** Opening Exercise inputs block **

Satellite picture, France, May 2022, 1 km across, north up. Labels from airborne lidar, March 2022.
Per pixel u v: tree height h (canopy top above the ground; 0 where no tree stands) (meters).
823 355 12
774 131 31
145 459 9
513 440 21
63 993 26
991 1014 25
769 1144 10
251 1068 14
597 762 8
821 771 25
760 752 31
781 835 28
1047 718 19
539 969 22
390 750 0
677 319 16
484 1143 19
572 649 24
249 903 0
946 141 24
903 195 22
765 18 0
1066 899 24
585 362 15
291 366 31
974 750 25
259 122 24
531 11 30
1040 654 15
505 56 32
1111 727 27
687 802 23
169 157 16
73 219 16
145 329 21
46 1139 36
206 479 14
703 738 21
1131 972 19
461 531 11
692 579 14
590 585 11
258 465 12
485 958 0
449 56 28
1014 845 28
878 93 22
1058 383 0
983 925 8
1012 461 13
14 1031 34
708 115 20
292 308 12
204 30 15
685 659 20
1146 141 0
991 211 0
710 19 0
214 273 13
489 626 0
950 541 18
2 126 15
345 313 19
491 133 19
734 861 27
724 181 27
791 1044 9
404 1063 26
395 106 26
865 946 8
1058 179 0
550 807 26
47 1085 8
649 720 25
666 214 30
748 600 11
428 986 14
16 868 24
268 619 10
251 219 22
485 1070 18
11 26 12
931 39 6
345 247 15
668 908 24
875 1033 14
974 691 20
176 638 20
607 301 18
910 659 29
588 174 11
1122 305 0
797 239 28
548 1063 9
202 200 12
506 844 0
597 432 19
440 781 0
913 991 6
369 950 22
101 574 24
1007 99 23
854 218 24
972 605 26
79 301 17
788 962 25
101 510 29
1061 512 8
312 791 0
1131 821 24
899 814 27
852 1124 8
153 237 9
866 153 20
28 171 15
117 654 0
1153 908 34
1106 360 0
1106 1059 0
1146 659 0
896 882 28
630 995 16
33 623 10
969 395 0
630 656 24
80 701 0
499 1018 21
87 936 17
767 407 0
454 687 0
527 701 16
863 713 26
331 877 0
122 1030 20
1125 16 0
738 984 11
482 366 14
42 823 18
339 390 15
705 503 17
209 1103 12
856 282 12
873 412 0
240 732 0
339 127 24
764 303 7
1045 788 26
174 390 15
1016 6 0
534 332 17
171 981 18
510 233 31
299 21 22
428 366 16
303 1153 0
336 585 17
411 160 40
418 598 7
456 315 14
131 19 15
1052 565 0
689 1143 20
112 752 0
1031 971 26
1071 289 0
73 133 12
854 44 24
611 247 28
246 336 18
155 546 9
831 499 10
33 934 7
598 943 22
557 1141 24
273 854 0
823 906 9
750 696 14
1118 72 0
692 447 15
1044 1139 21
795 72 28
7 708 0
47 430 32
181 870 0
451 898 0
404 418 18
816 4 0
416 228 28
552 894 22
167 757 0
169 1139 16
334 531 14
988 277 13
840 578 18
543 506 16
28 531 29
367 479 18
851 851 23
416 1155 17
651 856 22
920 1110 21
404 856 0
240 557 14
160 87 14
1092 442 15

** Closing Exercise inputs block **
** Opening Exercise inputs block **

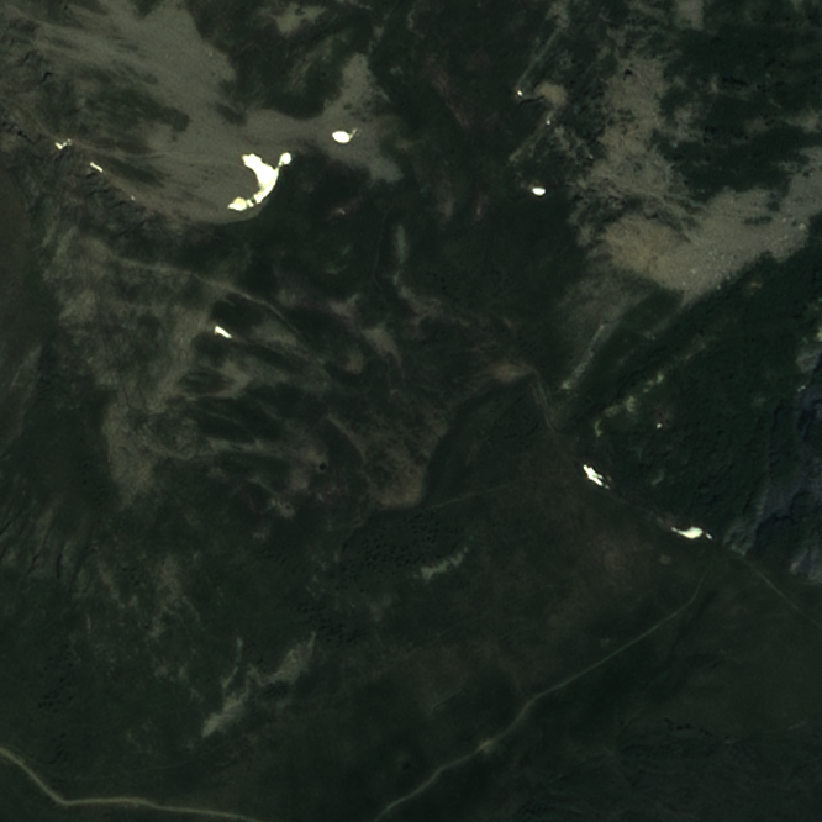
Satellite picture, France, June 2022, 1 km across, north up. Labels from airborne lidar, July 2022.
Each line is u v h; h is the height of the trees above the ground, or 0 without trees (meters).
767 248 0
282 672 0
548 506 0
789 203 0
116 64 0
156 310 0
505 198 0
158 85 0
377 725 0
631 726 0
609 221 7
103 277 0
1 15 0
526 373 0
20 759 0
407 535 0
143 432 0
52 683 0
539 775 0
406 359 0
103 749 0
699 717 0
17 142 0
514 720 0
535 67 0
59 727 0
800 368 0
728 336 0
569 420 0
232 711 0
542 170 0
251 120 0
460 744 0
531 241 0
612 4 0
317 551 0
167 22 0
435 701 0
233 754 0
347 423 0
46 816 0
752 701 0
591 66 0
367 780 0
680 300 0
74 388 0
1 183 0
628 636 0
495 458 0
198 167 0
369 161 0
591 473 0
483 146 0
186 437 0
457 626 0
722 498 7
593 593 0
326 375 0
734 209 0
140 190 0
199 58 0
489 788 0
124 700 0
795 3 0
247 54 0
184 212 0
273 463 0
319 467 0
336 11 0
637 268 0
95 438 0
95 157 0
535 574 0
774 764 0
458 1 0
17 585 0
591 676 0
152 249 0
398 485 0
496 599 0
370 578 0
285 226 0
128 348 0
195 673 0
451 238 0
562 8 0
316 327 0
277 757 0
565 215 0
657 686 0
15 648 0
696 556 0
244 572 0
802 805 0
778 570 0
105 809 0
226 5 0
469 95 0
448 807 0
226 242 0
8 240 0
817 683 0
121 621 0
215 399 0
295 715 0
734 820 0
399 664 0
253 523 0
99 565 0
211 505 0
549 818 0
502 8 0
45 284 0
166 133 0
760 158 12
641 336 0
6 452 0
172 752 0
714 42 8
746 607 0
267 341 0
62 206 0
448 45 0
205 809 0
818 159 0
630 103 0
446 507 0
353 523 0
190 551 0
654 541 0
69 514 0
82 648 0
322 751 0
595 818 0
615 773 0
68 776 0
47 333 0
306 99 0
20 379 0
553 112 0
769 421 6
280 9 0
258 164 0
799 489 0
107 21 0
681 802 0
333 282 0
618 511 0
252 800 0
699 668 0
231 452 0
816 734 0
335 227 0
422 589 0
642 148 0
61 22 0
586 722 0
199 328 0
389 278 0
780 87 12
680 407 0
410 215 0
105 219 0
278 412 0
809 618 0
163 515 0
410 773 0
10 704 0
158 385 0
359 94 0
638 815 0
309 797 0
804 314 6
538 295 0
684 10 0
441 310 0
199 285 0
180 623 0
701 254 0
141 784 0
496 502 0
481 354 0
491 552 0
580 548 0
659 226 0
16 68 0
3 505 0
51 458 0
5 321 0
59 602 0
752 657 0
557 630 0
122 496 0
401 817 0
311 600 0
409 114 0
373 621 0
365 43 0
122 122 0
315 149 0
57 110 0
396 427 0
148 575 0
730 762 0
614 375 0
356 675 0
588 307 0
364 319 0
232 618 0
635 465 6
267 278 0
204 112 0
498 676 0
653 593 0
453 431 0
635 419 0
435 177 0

** Closing Exercise inputs block **

- **Exercise requirements**
Lines above with the string "France" need to be found and copied.

- **Reply to the exercise**
Satellite picture, France, May 2022, 1 km across, north up. Labels from airborne lidar, March 2022.
Satellite picture, France, June 2022, 1 km across, north up. Labels from airborne lidar, July 2022.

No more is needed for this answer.